* [Data provided]:
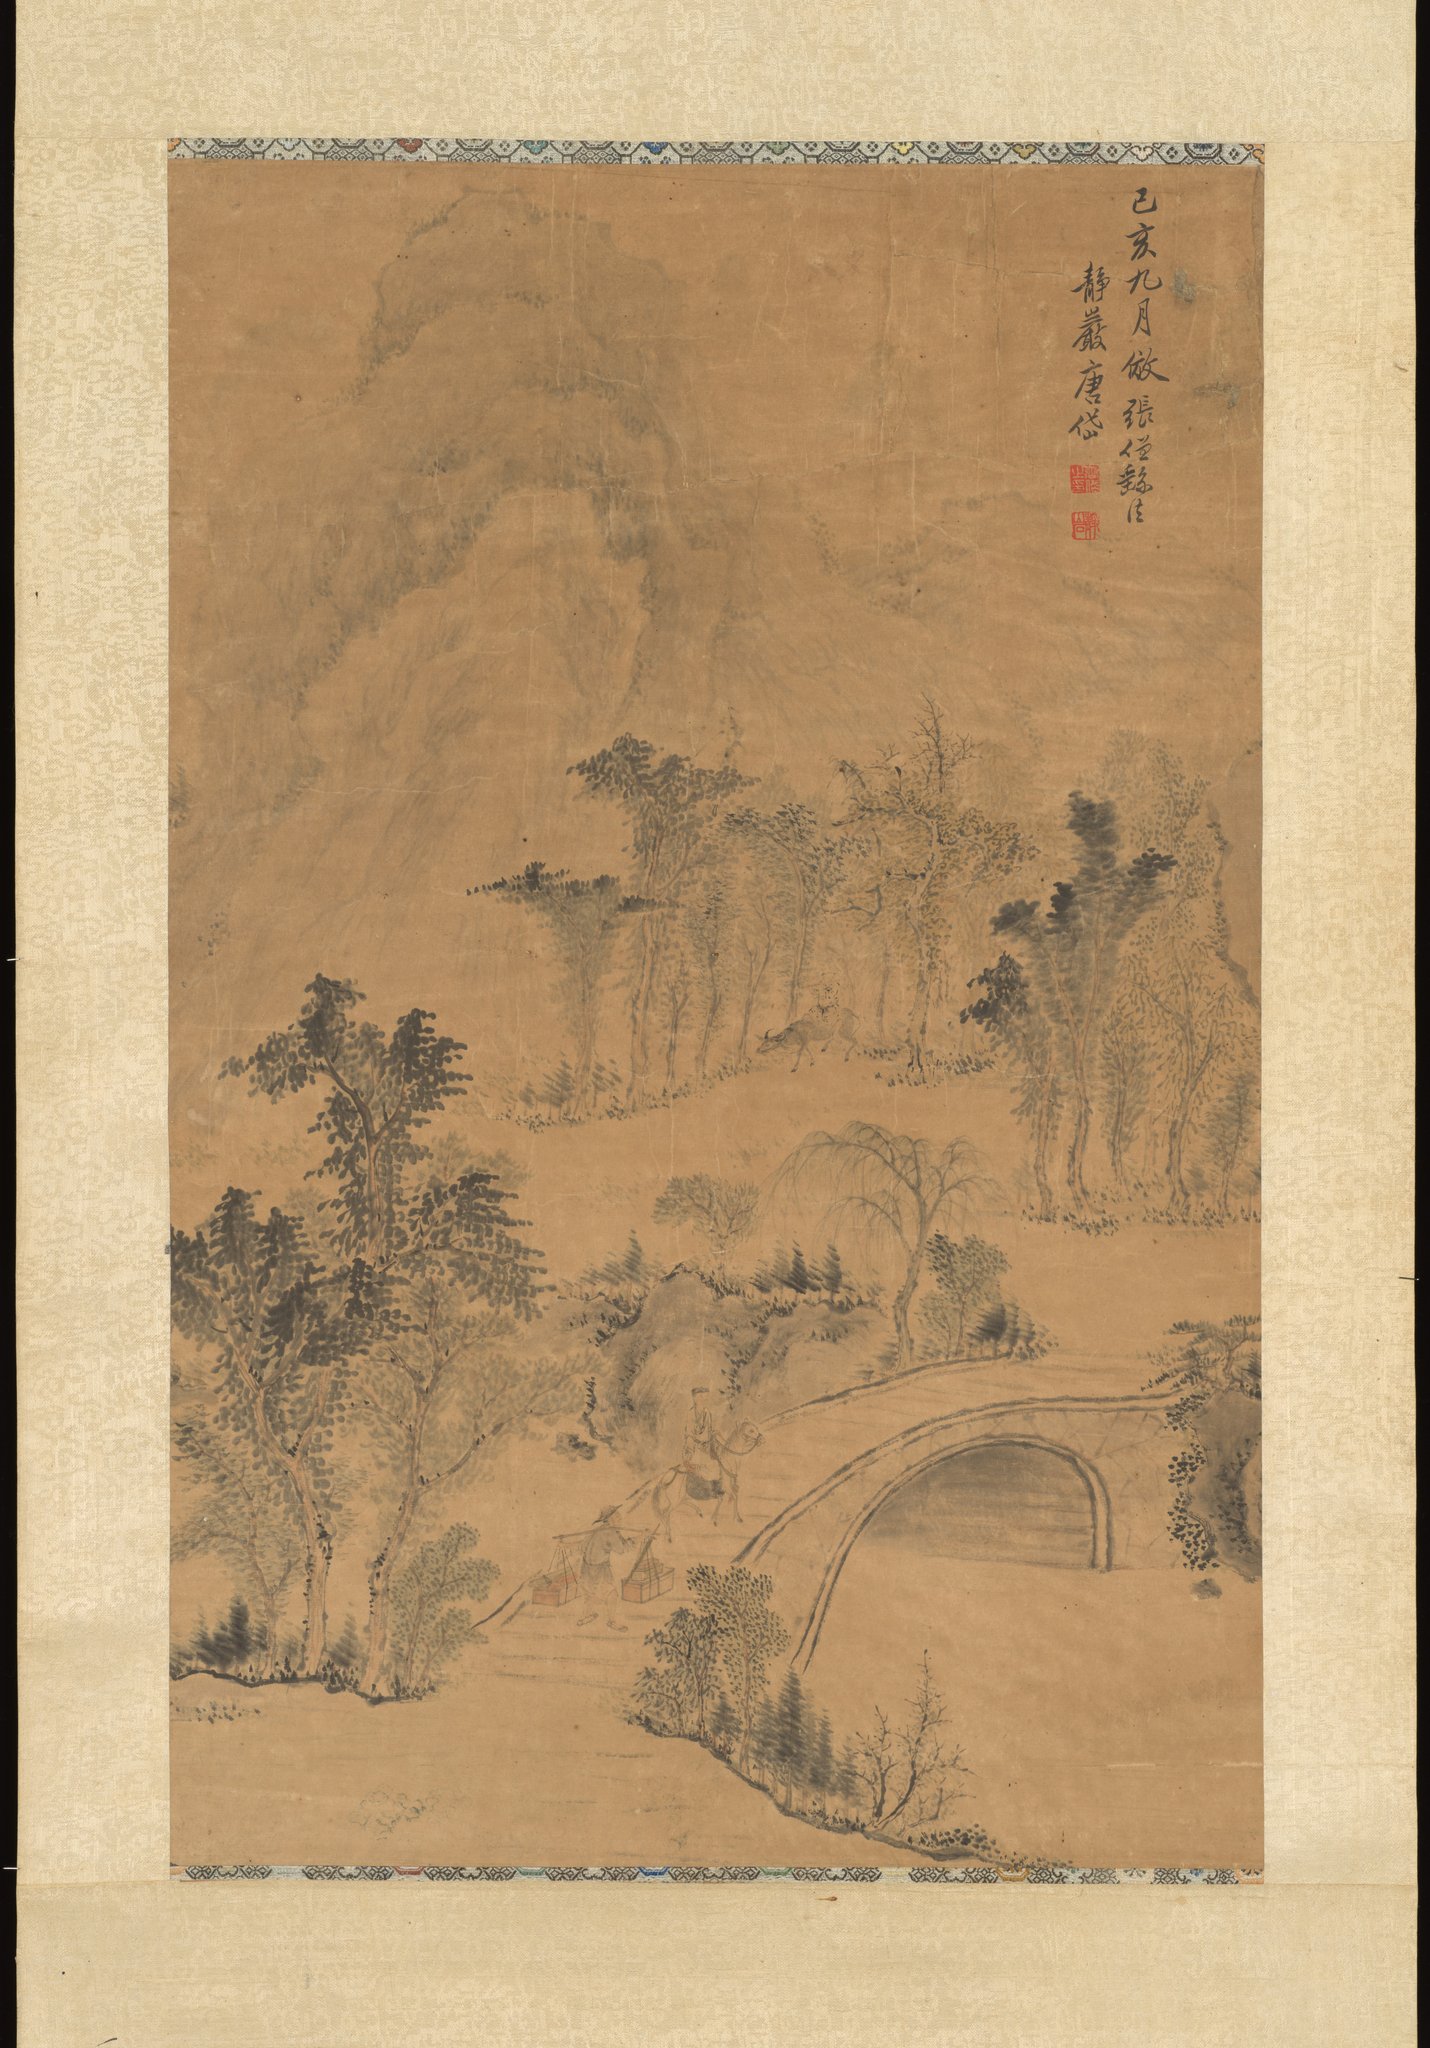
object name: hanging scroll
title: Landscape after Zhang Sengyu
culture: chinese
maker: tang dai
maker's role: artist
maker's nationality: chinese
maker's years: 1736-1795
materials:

* [Required work]:
Images stay out; everything else in the records must be given again exactly.

* [Problem solution]:
object name: hanging scroll
title: Landscape after Zhang Sengyu
culture: chinese
maker: tang dai
maker's role: artist
maker's nationality: chinese
maker's years: 1736-1795
materials:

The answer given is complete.